[Extracted records]
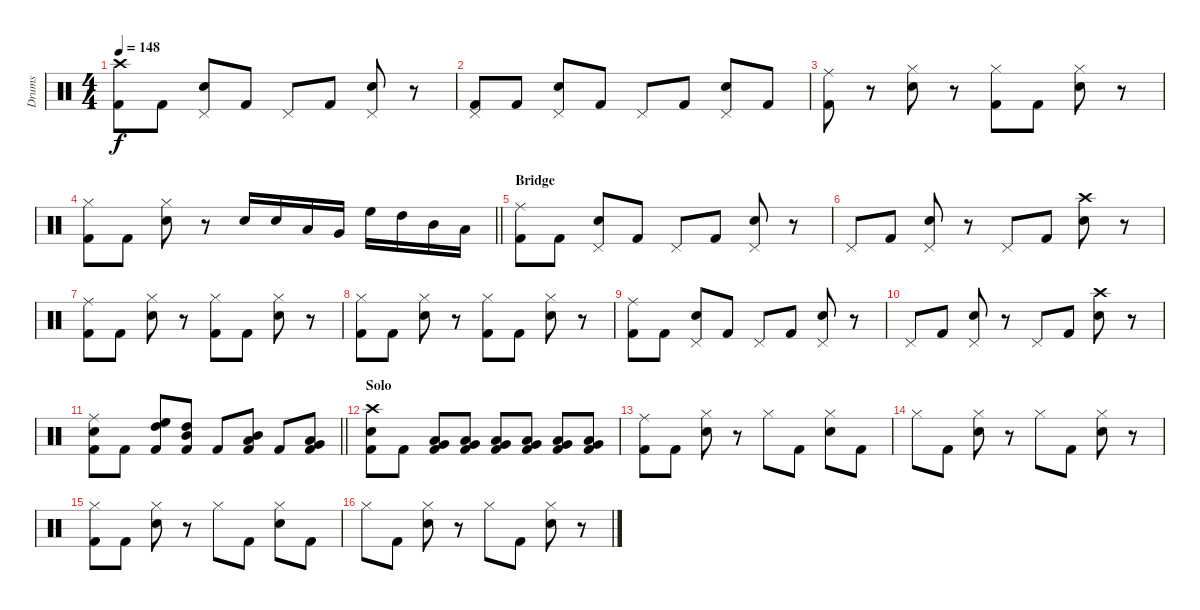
\track ("Drums" "Drums") {instrument percussion}
\staff {score}
\articulation defaults
\ts (4 4)
\tempo 148
\clef neutral
\ks c
("Crash high (hit)" "Kick (hit) 2").8{dy f} "Kick (hit) 2".8 ("Pedal Hi-Hat (hit)" "Electric Snare (hit)").8 "Kick (hit) 2".8 "Pedal Hi-Hat (hit)".8 "Kick (hit) 2".8 ("Pedal Hi-Hat (hit)" "Electric Snare (hit)").8 r.8 |
("Pedal Hi-Hat (hit)" "Kick (hit) 2").8 "Kick (hit) 2".8 ("Pedal Hi-Hat (hit)" "Electric Snare (hit)").8 "Kick (hit) 2".8 "Pedal Hi-Hat (hit)".8 "Kick (hit) 2".8 ("Pedal Hi-Hat (hit)" "Electric Snare (hit)").8 "Kick (hit) 2".8 |
("Ride (middle)" "Kick (hit) 2").8 r.8 ("Hi-Hat (closed)" "Electric Snare (hit)").8 r.8 ("Hi-Hat (closed)" "Kick (hit) 2").8 "Kick (hit) 2".8 ("Hi-Hat (closed)" "Electric Snare (hit)").8 r.8 |
\barLineRight lightlight
("Hi-Hat (closed)" "Kick (hit) 2").8 "Kick (hit) 2".8 ("Hi-Hat (closed)" "Electric Snare (hit)").8 r.8 "Electric Snare (hit)".16 "Electric Snare (hit)".16 "Low Tom (hit)".16 "Very Low Tom (hit)".16 "High Floor Tom (hit)".16 "High Tom (hit)".16 "Mid Tom (hit)".16 "Low Tom (hit)".16 |
\section ("" "Bridge")
("Ride (middle)" "Kick (hit) 2").8 "Kick (hit) 2".8 ("Pedal Hi-Hat (hit)" "Electric Snare (hit)").8 "Kick (hit) 2".8 "Pedal Hi-Hat (hit)".8 "Kick (hit) 2".8 ("Pedal Hi-Hat (hit)" "Electric Snare (hit)").8 r.8 |
"Pedal Hi-Hat (hit)".8 "Kick (hit) 2".8 ("Pedal Hi-Hat (hit)" "Electric Snare (hit)").8 r.8 "Pedal Hi-Hat (hit)".8 "Kick (hit) 2".8 ("Crash high (hit)" "Electric Snare (hit)").8 r.8 |
("Ride (middle)" "Kick (hit) 2").8 "Kick (hit) 2".8 ("Hi-Hat (closed)" "Electric Snare (hit)").8 r.8 ("Hi-Hat (closed)" "Kick (hit) 2").8 "Kick (hit) 2".8 ("Hi-Hat (closed)" "Electric Snare (hit)").8 r.8 |
("Hi-Hat (closed)" "Kick (hit) 2").8 "Kick (hit) 2".8 ("Hi-Hat (closed)" "Electric Snare (hit)").8 r.8 ("Hi-Hat (closed)" "Kick (hit) 2").8 "Kick (hit) 2".8 ("Hi-Hat (closed)" "Electric Snare (hit)").8 r.8 |
("Ride (middle)" "Kick (hit) 2").8 "Kick (hit) 2".8 ("Pedal Hi-Hat (hit)" "Electric Snare (hit)").8 "Kick (hit) 2".8 "Pedal Hi-Hat (hit)".8 "Kick (hit) 2".8 ("Pedal Hi-Hat (hit)" "Electric Snare (hit)").8 r.8 |
"Pedal Hi-Hat (hit)".8 "Kick (hit) 2".8 ("Pedal Hi-Hat (hit)" "Electric Snare (hit)").8 r.8 "Pedal Hi-Hat (hit)".8 "Kick (hit) 2".8 ("Crash high (hit)" "Electric Snare (hit)").8 r.8 |
\barLineRight lightlight
("Ride (middle)" "Electric Snare (hit)" "Kick (hit) 2").8 "Kick (hit) 2".8 ("High Floor Tom (hit)" "High Tom (hit)" "Kick (hit) 2").8 ("Mid Tom (hit)" "High Tom (hit)" "Kick (hit) 2").8 "Kick (hit) 2".8 ("Mid Tom (hit)" "Low Tom (hit)" "Kick (hit) 2").8 "Kick (hit) 2".8 ("Very Low Tom (hit)" "Low Tom (hit)" "Kick (hit) 2").8 |
\section ("" "Solo")
("Crash high (hit)" "Electric Snare (hit)" "Kick (hit) 2").8 "Kick (hit) 2".8 ("Very Low Tom (hit)" "Low Floor Tom (hit)" "Kick (hit) 2").8 ("Very Low Tom (hit)" "Low Floor Tom (hit)" "Kick (hit) 2").8 ("Very Low Tom (hit)" "Low Floor Tom (hit)" "Kick (hit) 2").8 ("Very Low Tom (hit)" "Low Floor Tom (hit)" "Kick (hit) 2").8 ("Very Low Tom (hit)" "Low Floor Tom (hit)" "Kick (hit) 2").8 ("Very Low Tom (hit)" "Low Floor Tom (hit)" "Kick (hit) 2").8 |
("Ride (middle)" "Kick (hit) 2").8 "Kick (hit) 2".8 ("Hi-Hat (closed)" "Electric Snare (hit)").8 r.8 "Hi-Hat (closed)".8 "Kick (hit) 2".8 ("Hi-Hat (closed)" "Electric Snare (hit)").8 "Kick (hit) 2".8 |
"Hi-Hat (closed)".8 "Kick (hit) 2".8 ("Hi-Hat (closed)" "Electric Snare (hit)").8 r.8 "Hi-Hat (closed)".8 "Kick (hit) 2".8 ("Hi-Hat (closed)" "Electric Snare (hit)").8 r.8 |
("Hi-Hat (closed)" "Kick (hit) 2").8 "Kick (hit) 2".8 ("Hi-Hat (closed)" "Electric Snare (hit)").8 r.8 "Hi-Hat (closed)".8 "Kick (hit) 2".8 ("Hi-Hat (closed)" "Electric Snare (hit)").8 "Kick (hit) 2".8 |
"Hi-Hat (closed)".8 "Kick (hit) 2".8 ("Hi-Hat (closed)" "Electric Snare (hit)").8 r.8 "Hi-Hat (closed)".8 "Kick (hit) 2".8 ("Hi-Hat (closed)" "Electric Snare (hit)").8 r.8
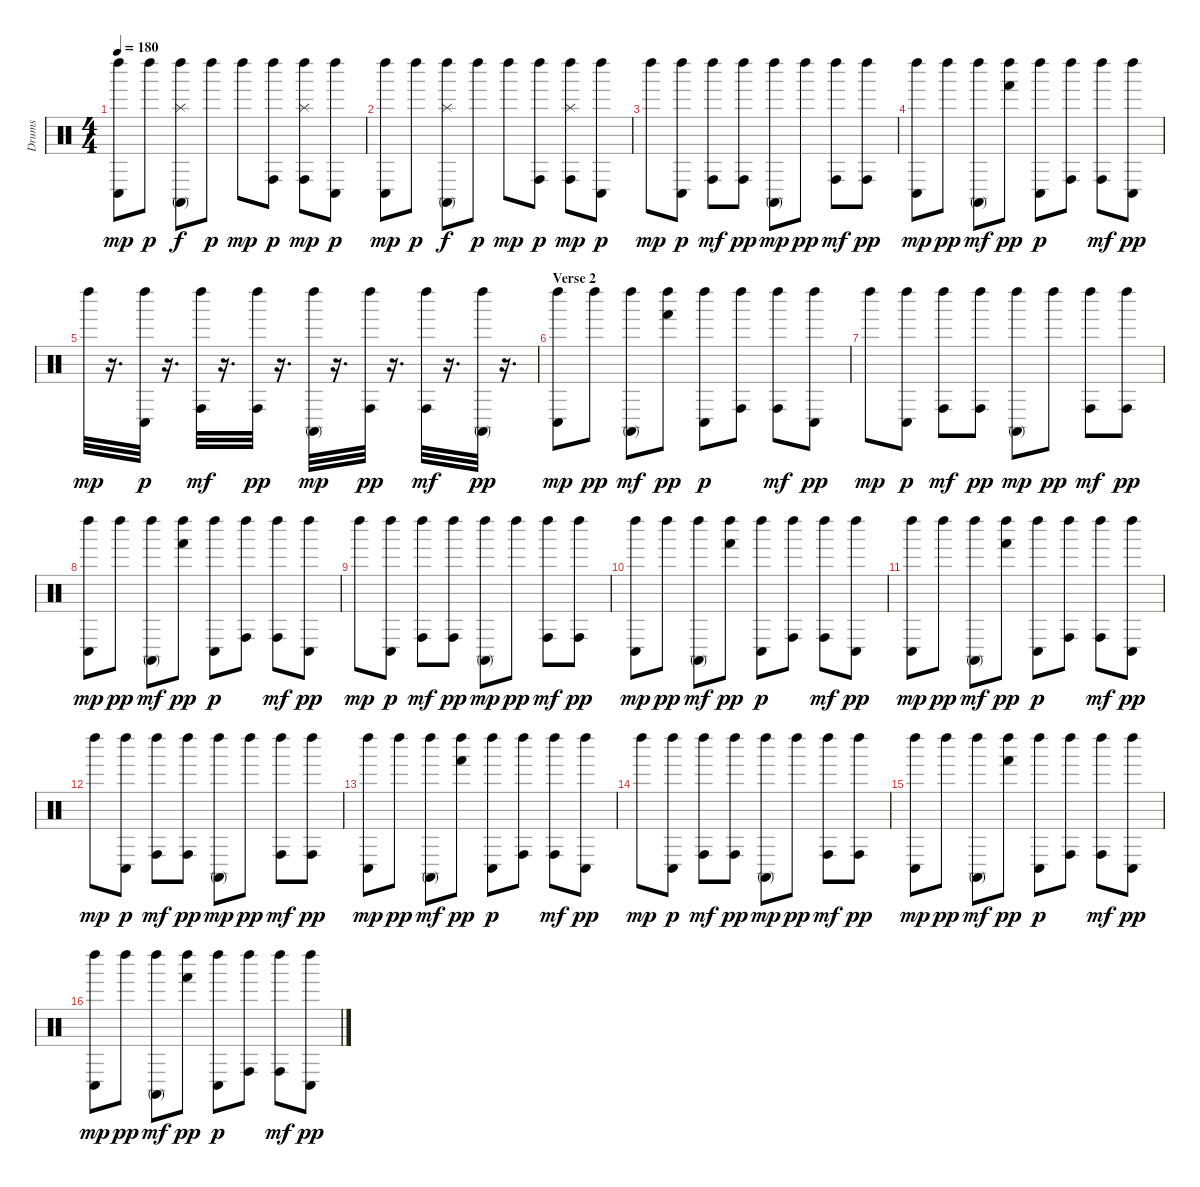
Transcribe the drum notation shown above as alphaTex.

\track ("Drums" "Drums") {instrument percussion}
\staff {score}
\articulation defaults
\ts (4 4)
\tempo 180
\clef neutral
\ks c
("Left Maraca (hit)" "Conga low (hit)").8{dy mp} "Left Maraca (hit)".8{dy p} ("Left Maraca (hit)" "Conga high (mute)" "Splash (hit)").8{dy f} "Left Maraca (hit)".8{dy p} "Left Maraca (hit)".8{dy mp} ("Left Maraca (hit)" "Conga high (hit)").8{dy p} ("Left Maraca (hit)" "Conga high (hit)" "Splash (hit)").8{dy mp} ("Left Maraca (hit)" "Conga low (hit)").8{dy p} |
("Left Maraca (hit)" "Conga low (hit)").8{dy mp} "Left Maraca (hit)".8{dy p} ("Left Maraca (hit)" "Conga high (mute)" "Splash (hit)").8{dy f} "Left Maraca (hit)".8{dy p} "Left Maraca (hit)".8{dy mp} ("Left Maraca (hit)" "Conga high (hit)").8{dy p} ("Left Maraca (hit)" "Conga high (hit)" "Splash (hit)").8{dy mp} ("Left Maraca (hit)" "Conga low (hit)").8{dy p} |
"Left Maraca (hit)".8{dy mp} ("Left Maraca (hit)" "Conga low (hit)").8{dy p} ("Left Maraca (hit)" "Conga high (hit)").8{dy mf} ("Left Maraca (hit)" "Conga high (hit)").8{dy pp} ("Left Maraca (hit)" "Conga high (mute)").8{dy mp} "Left Maraca (hit)".8{dy pp} ("Left Maraca (hit)" "Conga high (hit)").8{dy mf} ("Left Maraca (hit)" "Conga high (hit)").8{dy pp} |
("Left Maraca (hit)" "Conga low (hit)").8{dy mp} "Left Maraca (hit)".8{dy pp} ("Left Maraca (hit)" "Conga high (mute)").8{dy mf} ("Left Maraca (hit)" "Hand (hit)").8{dy pp} ("Left Maraca (hit)" "Conga low (hit)").8{dy p} ("Left Maraca (hit)" "Conga high (hit)").8 ("Left Maraca (hit)" "Conga high (hit)").8{dy mf} ("Left Maraca (hit)" "Conga low (hit)").8{dy pp} |
"Left Maraca (hit)".32{dy mp} r.16{d} ("Conga low (hit)" "Left Maraca (hit)").32{dy p} r.16{d} ("Conga high (hit)" "Left Maraca (hit)").32{dy mf} r.16{d} ("Conga high (hit)" "Left Maraca (hit)").32{dy pp} r.16{d} ("Conga high (mute)" "Left Maraca (hit)").32{dy mp} r.16{d} ("Conga high (hit)" "Left Maraca (hit)").32{dy pp} r.16{d} ("Conga high (hit)" "Left Maraca (hit)").32{dy mf} r.16{d} ("Conga high (mute)" "Left Maraca (hit)").32{dy pp} r.16{d} |
\section ("" "Verse 2")
("Left Maraca (hit)" "Conga low (hit)").8{dy mp} "Left Maraca (hit)".8{dy pp} ("Left Maraca (hit)" "Conga high (mute)").8{dy mf} ("Left Maraca (hit)" "Hand (hit)").8{dy pp} ("Left Maraca (hit)" "Conga low (hit)").8{dy p} ("Left Maraca (hit)" "Conga high (hit)").8 ("Left Maraca (hit)" "Conga high (hit)").8{dy mf} ("Left Maraca (hit)" "Conga low (hit)").8{dy pp} |
"Left Maraca (hit)".8{dy mp} ("Left Maraca (hit)" "Conga low (hit)").8{dy p} ("Left Maraca (hit)" "Conga high (hit)").8{dy mf} ("Left Maraca (hit)" "Conga high (hit)").8{dy pp} ("Left Maraca (hit)" "Conga high (mute)").8{dy mp} "Left Maraca (hit)".8{dy pp} ("Left Maraca (hit)" "Conga high (hit)").8{dy mf} ("Left Maraca (hit)" "Conga high (hit)").8{dy pp} |
("Left Maraca (hit)" "Conga low (hit)").8{dy mp} "Left Maraca (hit)".8{dy pp} ("Left Maraca (hit)" "Conga high (mute)").8{dy mf} ("Left Maraca (hit)" "Hand (hit)").8{dy pp} ("Left Maraca (hit)" "Conga low (hit)").8{dy p} ("Left Maraca (hit)" "Conga high (hit)").8 ("Left Maraca (hit)" "Conga high (hit)").8{dy mf} ("Left Maraca (hit)" "Conga low (hit)").8{dy pp} |
"Left Maraca (hit)".8{dy mp} ("Left Maraca (hit)" "Conga low (hit)").8{dy p} ("Left Maraca (hit)" "Conga high (hit)").8{dy mf} ("Left Maraca (hit)" "Conga high (hit)").8{dy pp} ("Left Maraca (hit)" "Conga high (mute)").8{dy mp} "Left Maraca (hit)".8{dy pp} ("Left Maraca (hit)" "Conga high (hit)").8{dy mf} ("Left Maraca (hit)" "Conga high (hit)").8{dy pp} |
("Left Maraca (hit)" "Conga low (hit)").8{dy mp} "Left Maraca (hit)".8{dy pp} ("Left Maraca (hit)" "Conga high (mute)").8{dy mf} ("Left Maraca (hit)" "Hand (hit)").8{dy pp} ("Left Maraca (hit)" "Conga low (hit)").8{dy p} ("Left Maraca (hit)" "Conga high (hit)").8 ("Left Maraca (hit)" "Conga high (hit)").8{dy mf} ("Left Maraca (hit)" "Conga low (hit)").8{dy pp} |
("Left Maraca (hit)" "Conga low (hit)").8{dy mp} "Left Maraca (hit)".8{dy pp} ("Left Maraca (hit)" "Conga high (mute)").8{dy mf} ("Left Maraca (hit)" "Hand (hit)").8{dy pp} ("Left Maraca (hit)" "Conga low (hit)").8{dy p} ("Left Maraca (hit)" "Conga high (hit)").8 ("Left Maraca (hit)" "Conga high (hit)").8{dy mf} ("Left Maraca (hit)" "Conga low (hit)").8{dy pp} |
"Left Maraca (hit)".8{dy mp} ("Left Maraca (hit)" "Conga low (hit)").8{dy p} ("Left Maraca (hit)" "Conga high (hit)").8{dy mf} ("Left Maraca (hit)" "Conga high (hit)").8{dy pp} ("Left Maraca (hit)" "Conga high (mute)").8{dy mp} "Left Maraca (hit)".8{dy pp} ("Left Maraca (hit)" "Conga high (hit)").8{dy mf} ("Left Maraca (hit)" "Conga high (hit)").8{dy pp} |
("Left Maraca (hit)" "Conga low (hit)").8{dy mp} "Left Maraca (hit)".8{dy pp} ("Left Maraca (hit)" "Conga high (mute)").8{dy mf} ("Left Maraca (hit)" "Hand (hit)").8{dy pp} ("Left Maraca (hit)" "Conga low (hit)").8{dy p} ("Left Maraca (hit)" "Conga high (hit)").8 ("Left Maraca (hit)" "Conga high (hit)").8{dy mf} ("Left Maraca (hit)" "Conga low (hit)").8{dy pp} |
"Left Maraca (hit)".8{dy mp} ("Left Maraca (hit)" "Conga low (hit)").8{dy p} ("Left Maraca (hit)" "Conga high (hit)").8{dy mf} ("Left Maraca (hit)" "Conga high (hit)").8{dy pp} ("Left Maraca (hit)" "Conga high (mute)").8{dy mp} "Left Maraca (hit)".8{dy pp} ("Left Maraca (hit)" "Conga high (hit)").8{dy mf} ("Left Maraca (hit)" "Conga high (hit)").8{dy pp} |
("Left Maraca (hit)" "Conga low (hit)").8{dy mp} "Left Maraca (hit)".8{dy pp} ("Left Maraca (hit)" "Conga high (mute)").8{dy mf} ("Left Maraca (hit)" "Hand (hit)").8{dy pp} ("Left Maraca (hit)" "Conga low (hit)").8{dy p} ("Left Maraca (hit)" "Conga high (hit)").8 ("Left Maraca (hit)" "Conga high (hit)").8{dy mf} ("Left Maraca (hit)" "Conga low (hit)").8{dy pp} |
("Left Maraca (hit)" "Conga low (hit)").8{dy mp} "Left Maraca (hit)".8{dy pp} ("Left Maraca (hit)" "Conga high (mute)").8{dy mf} ("Left Maraca (hit)" "Hand (hit)").8{dy pp} ("Left Maraca (hit)" "Conga low (hit)").8{dy p} ("Left Maraca (hit)" "Conga high (hit)").8 ("Left Maraca (hit)" "Conga high (hit)").8{dy mf} ("Left Maraca (hit)" "Conga low (hit)").8{dy pp}

- Instructions to follow: Go through the entries. Report every line that contains the word "section".

- Answer for this exercise:
\section ("" "Bridge")
\section ("" "Solo")
\section ("" "Verse 2")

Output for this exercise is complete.